The digital telephones receive and transmit digital information containing the voice and data used in modern day communications. Each digital telephone typically includes a digital signal processor (DSP) or other type of microprocessor used to process audio to digital packets and vice versa. When the telephones are not in use then these microprocessors are typically substantially idle.
With the wide distribution of telephones throughout a building, telephones can be employed to monitor conditions throughout a building. Many types of office phones include a hands-free microphone that can be used for teleconferencing. The hands-free microphone in a standard desktop phone typically includes a high gain amplifier that is specifically designed to detect and amplify voices.
In accordance with one embodiment of the present invention, telephones that are not in use can be configured to monitor ambient noise and to detect selected distressed sounds that may signify a need for help. The telephones can then send a distress call to a predetermined phone number with a message asking for assistance at the location where the distressed sound occurred.
The ability to use existing infrastructure in office buildings to provide added security is a significant benefit to businesses. Employees and other occupants of a building can also benefit from knowing that help can be summoned from almost any location within a building.
For instance, an employee with access to a lab may go to work on a weekend to complete a project. An accident, such as an explosion or chemical spill may occur in the lab that may render the employee unable to locate a phone or other emergency activation device. If additional employees are not present in the lab then the employee may have difficulty obtaining assistance.
However, a number of phones are likely positioned throughout the lab. One or more of the phones can be configured to monitor the sounds in the lab through the microphone(s) available on one or more of the phones. The sounds detected by each microphone can be processed and analyzed by the digital signal processor in the corresponding phone.
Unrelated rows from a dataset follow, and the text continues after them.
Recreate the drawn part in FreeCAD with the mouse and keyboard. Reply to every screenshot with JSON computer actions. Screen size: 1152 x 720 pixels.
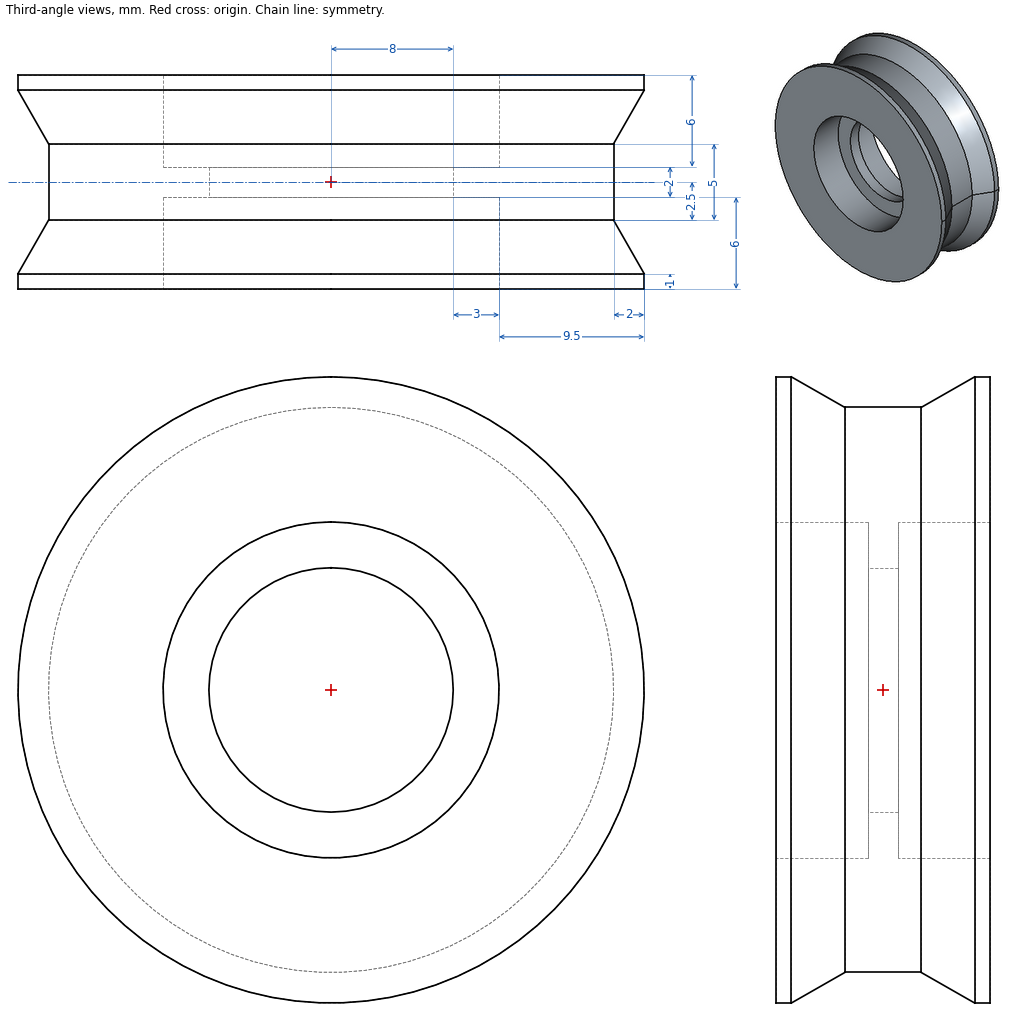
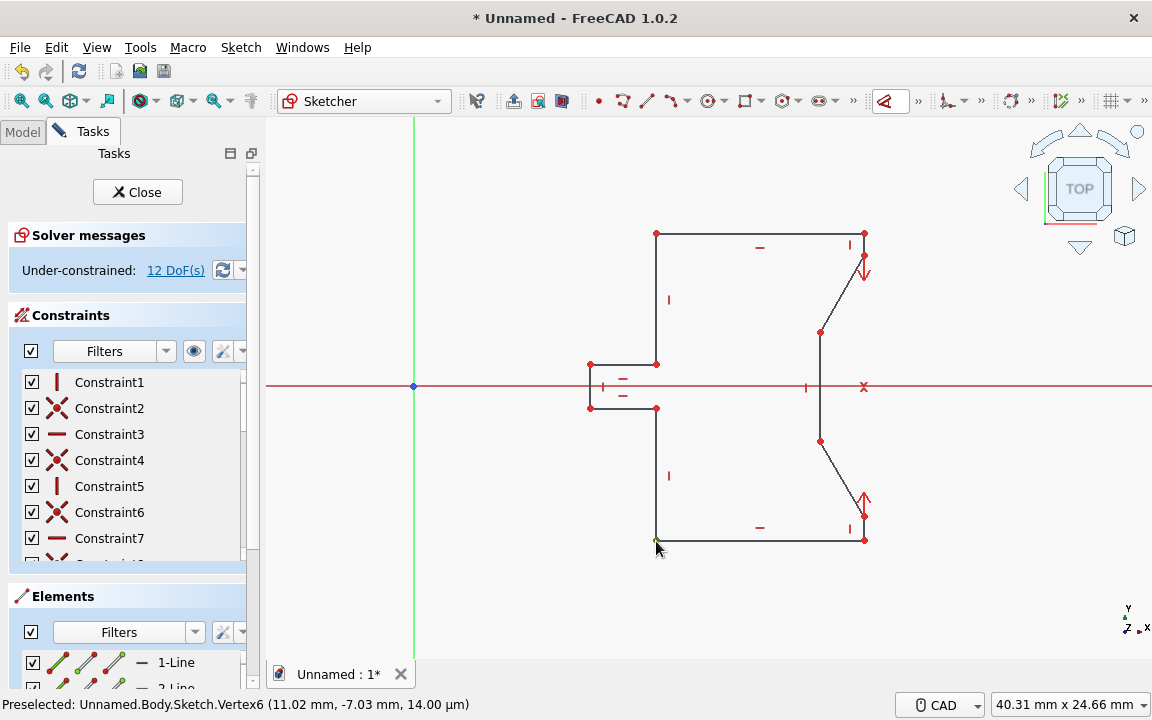
{"action": "left_click", "coordinate": [656, 234]}
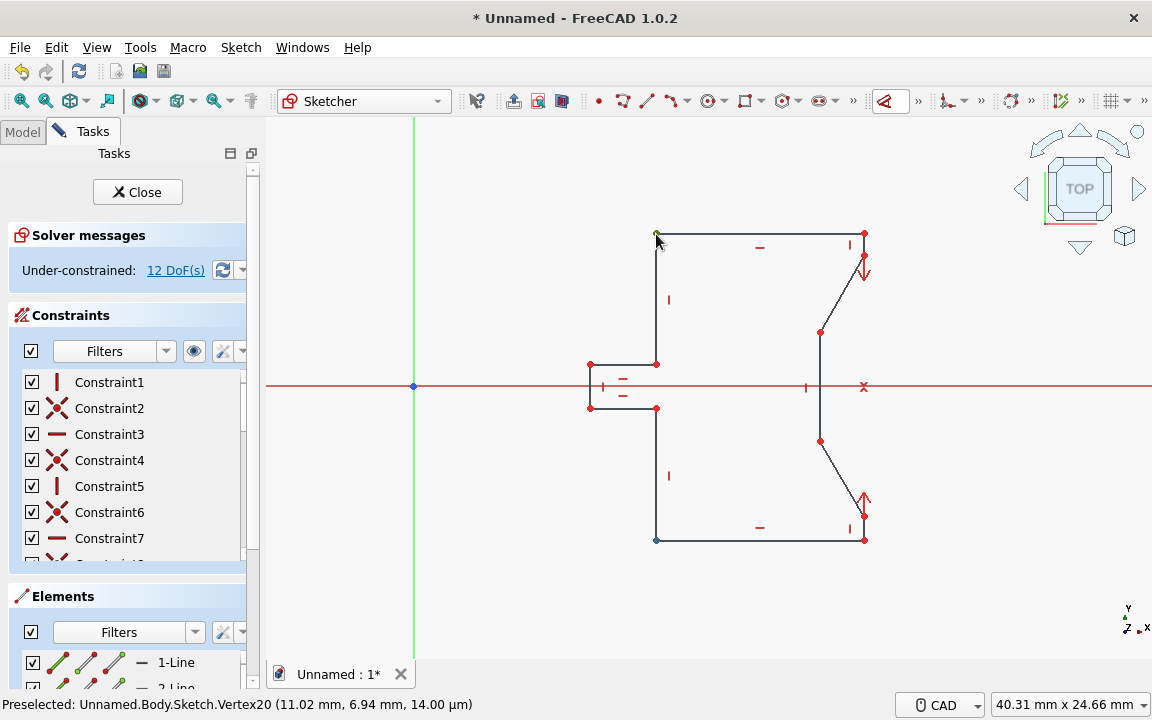
{"action": "left_click", "coordinate": [344, 386]}
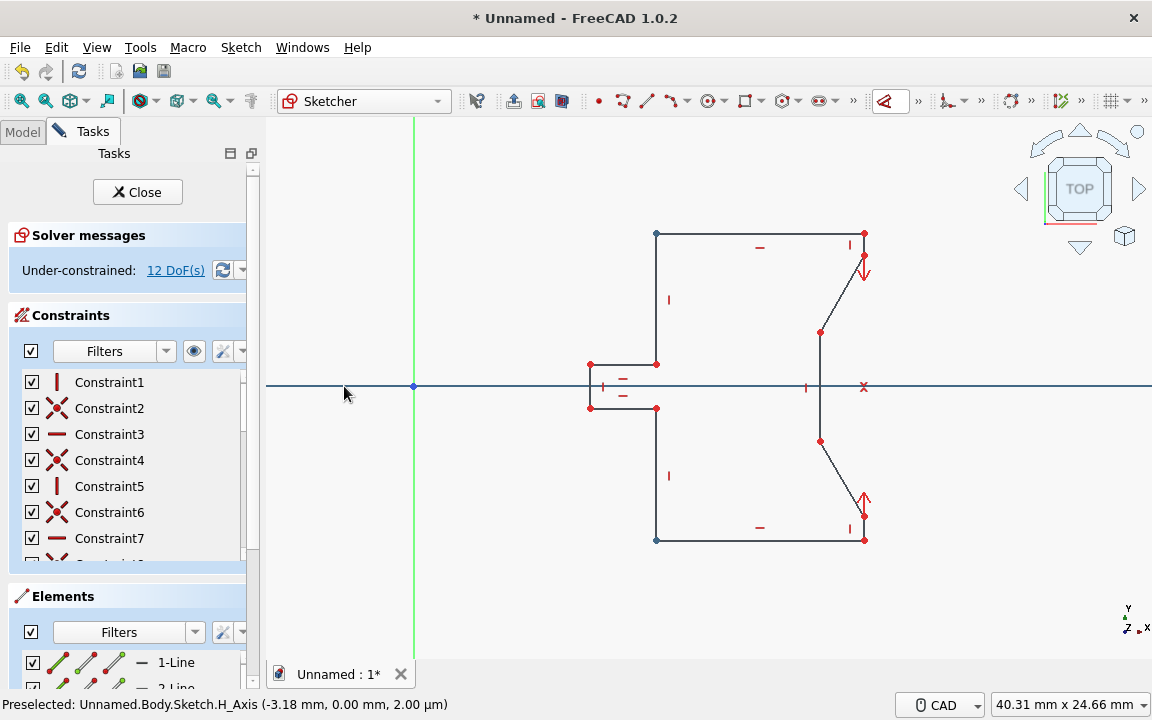
{"action": "key", "text": "s"}
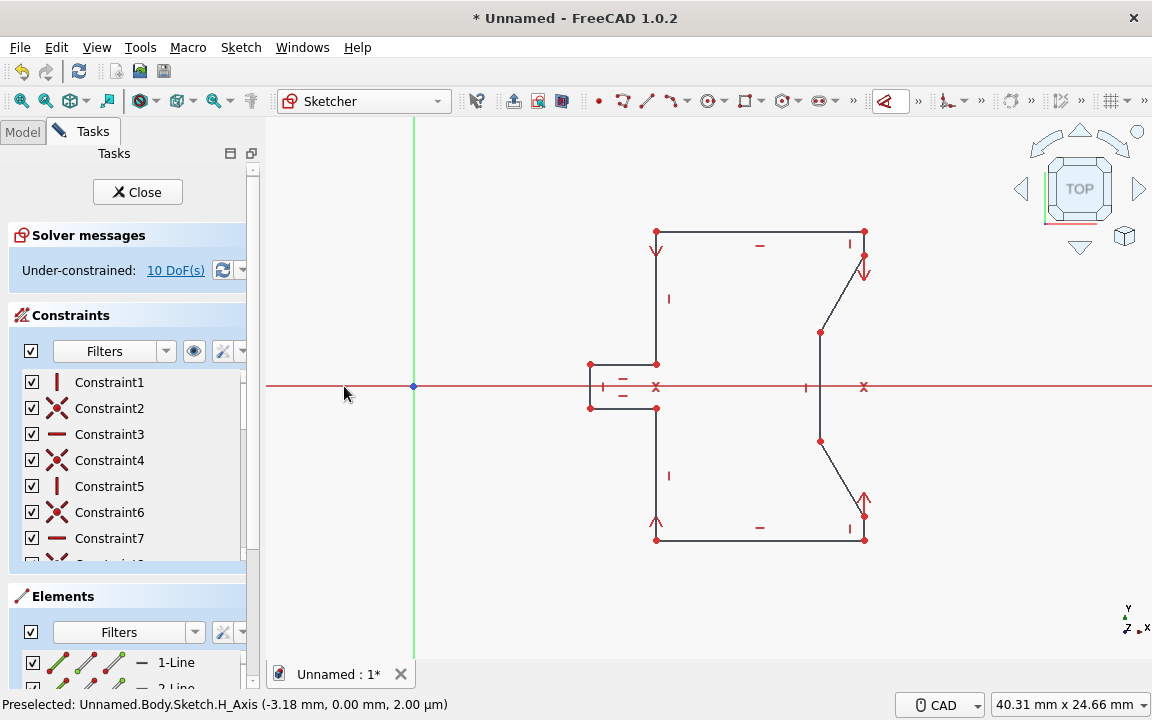
{"action": "left_click", "coordinate": [884, 102]}
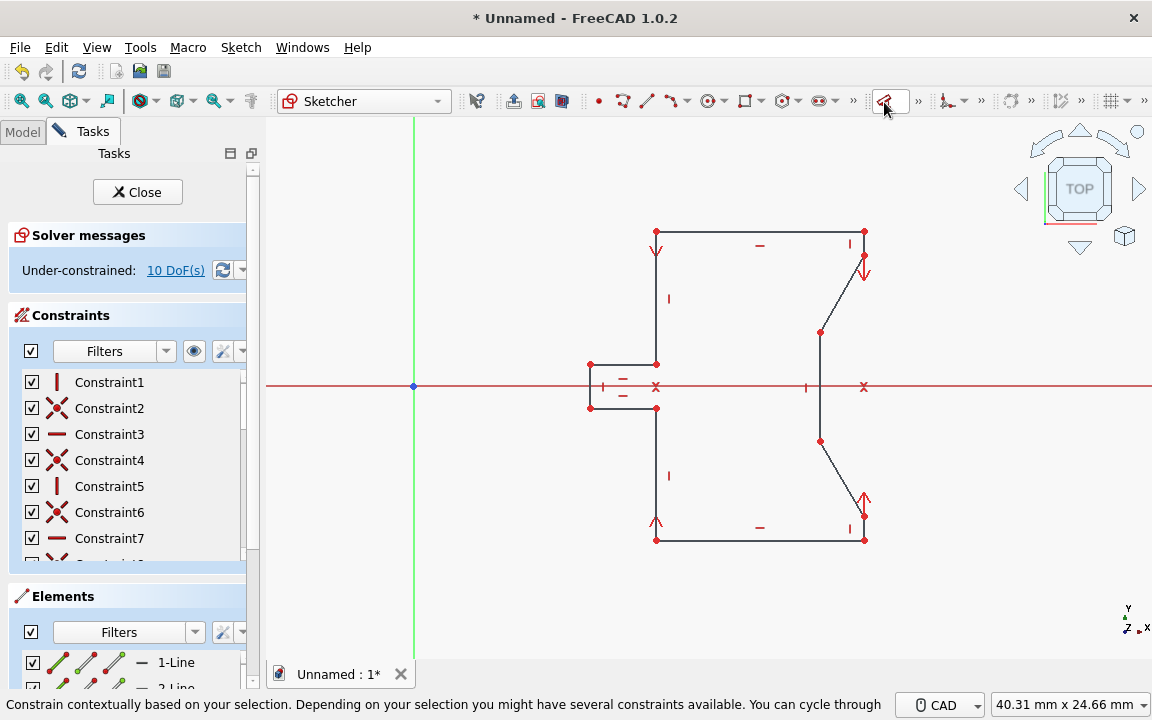
{"action": "scroll", "coordinate": [590, 396], "scroll_direction": "up", "scroll_amount": 2}
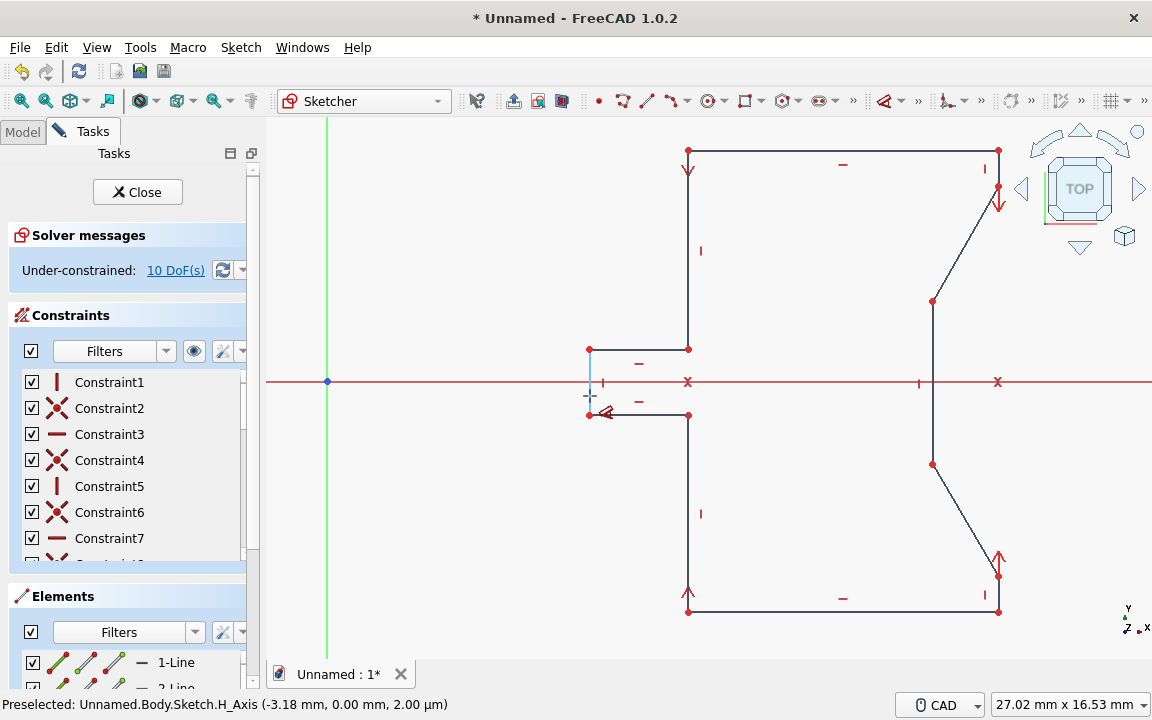
{"action": "left_click", "coordinate": [590, 395]}
{"action": "left_click", "coordinate": [556, 367]}
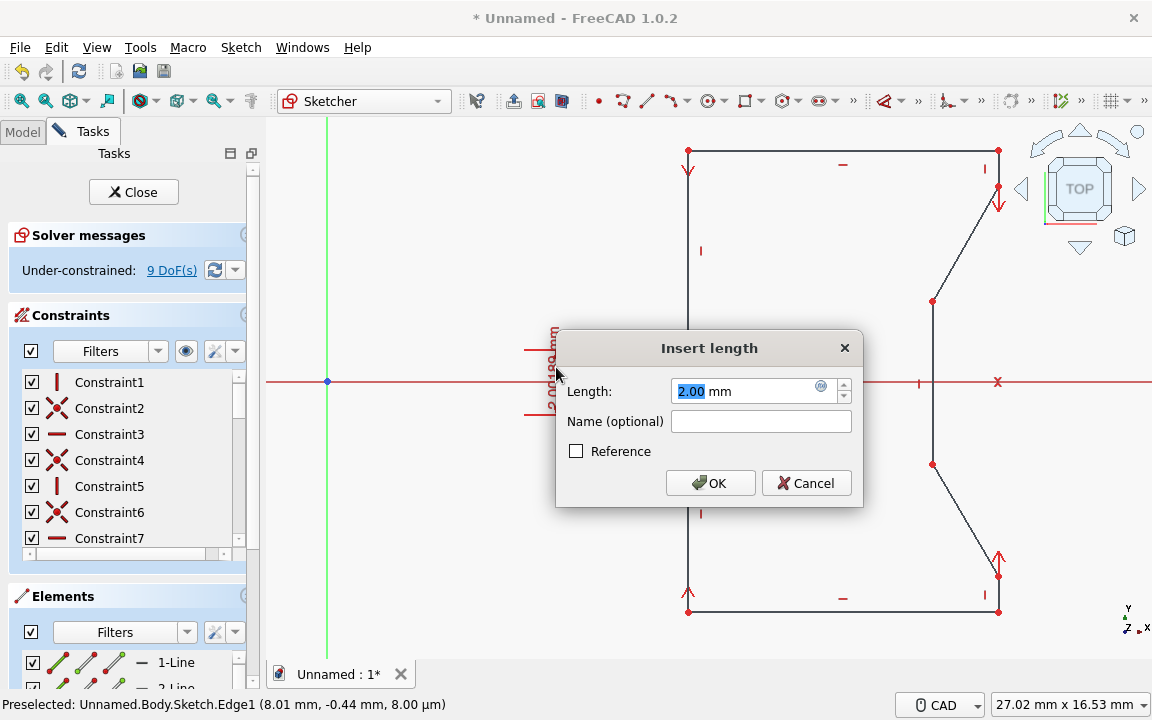
{"action": "type", "text": "2"}
{"action": "key", "text": "Return"}
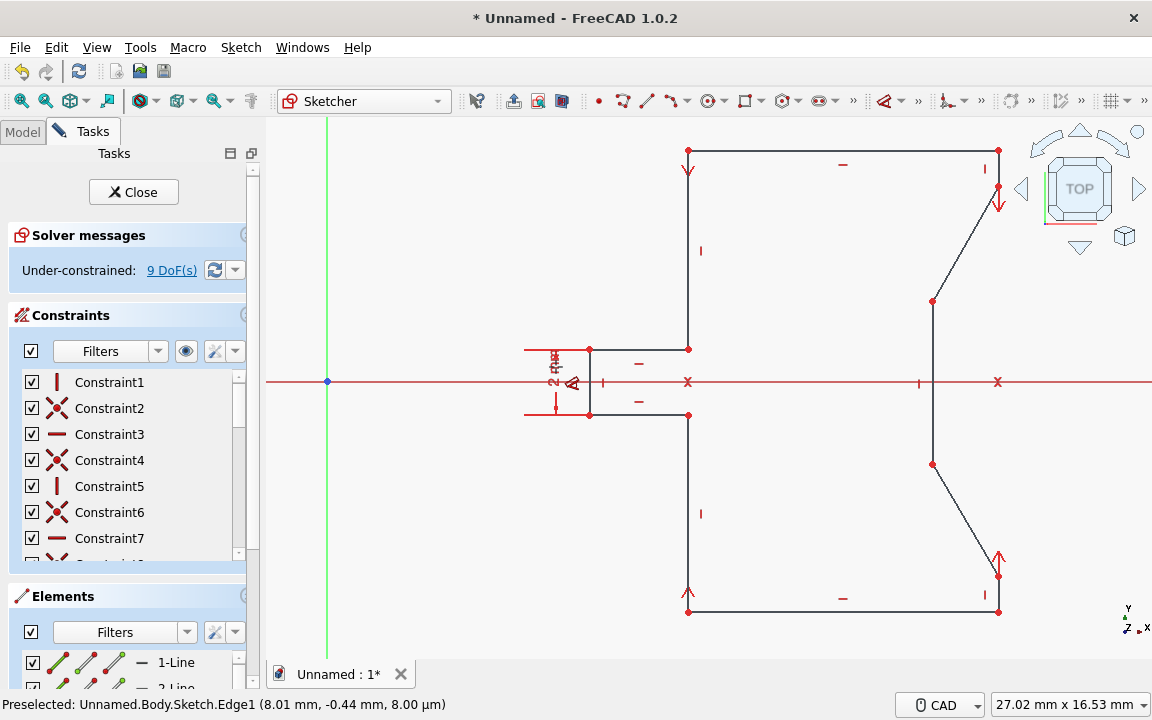
{"action": "left_click", "coordinate": [619, 415]}
{"action": "left_click", "coordinate": [639, 449]}
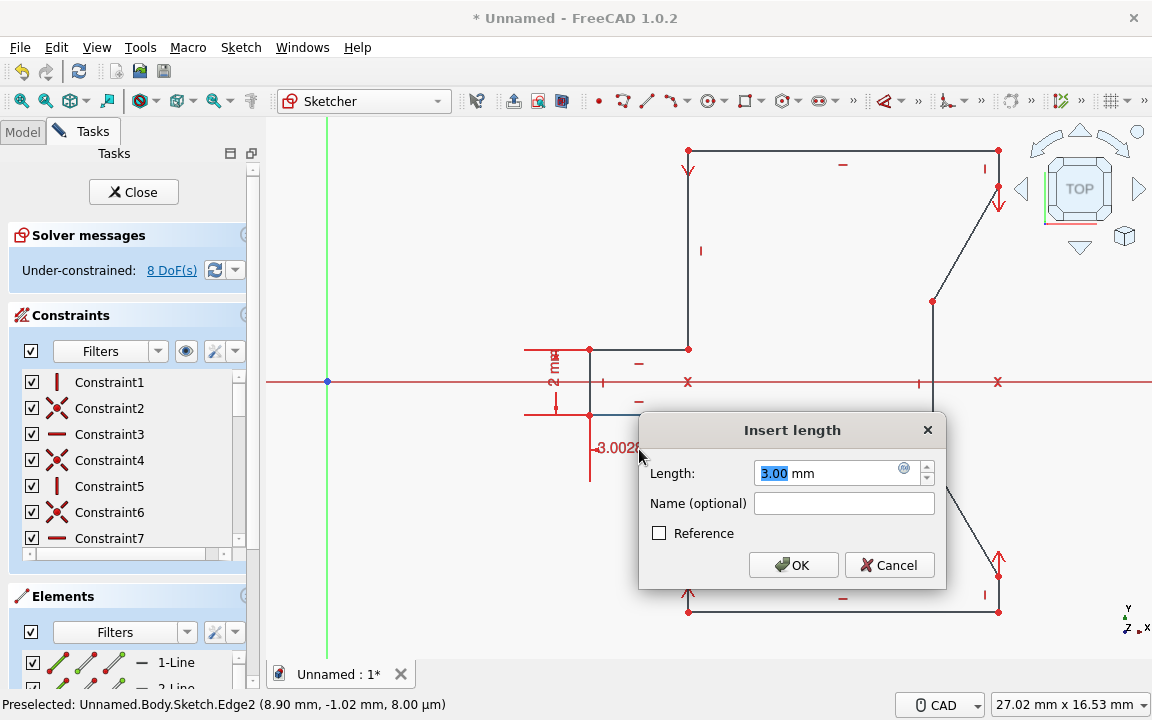
{"action": "type", "text": "3"}
{"action": "key", "text": "Return"}

While a digital signal processor is commonly used in examples throughout the specification it can be appreciated that other types of processors may also be used to process the detected sounds, such as a field programmable gate array (FPGA) processor, a central processing unit, a microcontroller, an application specific integrated circuit (ASIC), and the like. If the processed sound matches a predetermined acoustic model of a distressed sound then one or more of the phones in the lab can send a request for assistance that is related to the distressed sound.
Predetermined statistical models can be words or phrases, such as “HELP”, “HELP ME”, “FIRE”, and so forth. A predetermined statistical model can also be created for other types of sounds that may signify an accident or emergency, such as the sound of breaking glass, the sound of an explosion, the sound of a gunshot, or an extended period of loud communication such as shouting. This will be described in more detail below.
When the digital signal processor in the phone determines that a detected sound substantially matches one or more of the predetermined statistical models then a request for assistance can be sent via the phone to a predetermined destination, such as to company security or an external emergency response group such as the local police. The request for assistance may include information, such as the type of sound detected. For instance, a message can be sent identifying whether the detected sound was a call for help, a gun shot, an explosion, or other type of distressed sound. Such information can enhance the response team's ability to respond effectively to the emergency.
One difficulty in monitoring sounds that occur in a typical school, business, or other type of building is the detection of unintended words or phrases. For example, a person may ask a colleague for help with an assignment. The vocalization of this word may be received and analyzed by one or more phones in the vicinity, resulting in a request for assistance from a sound that is incorrectly interpreted as a distressed sound. The detection of everyday language could potentially create a large number of false positives reported as distressed sounds.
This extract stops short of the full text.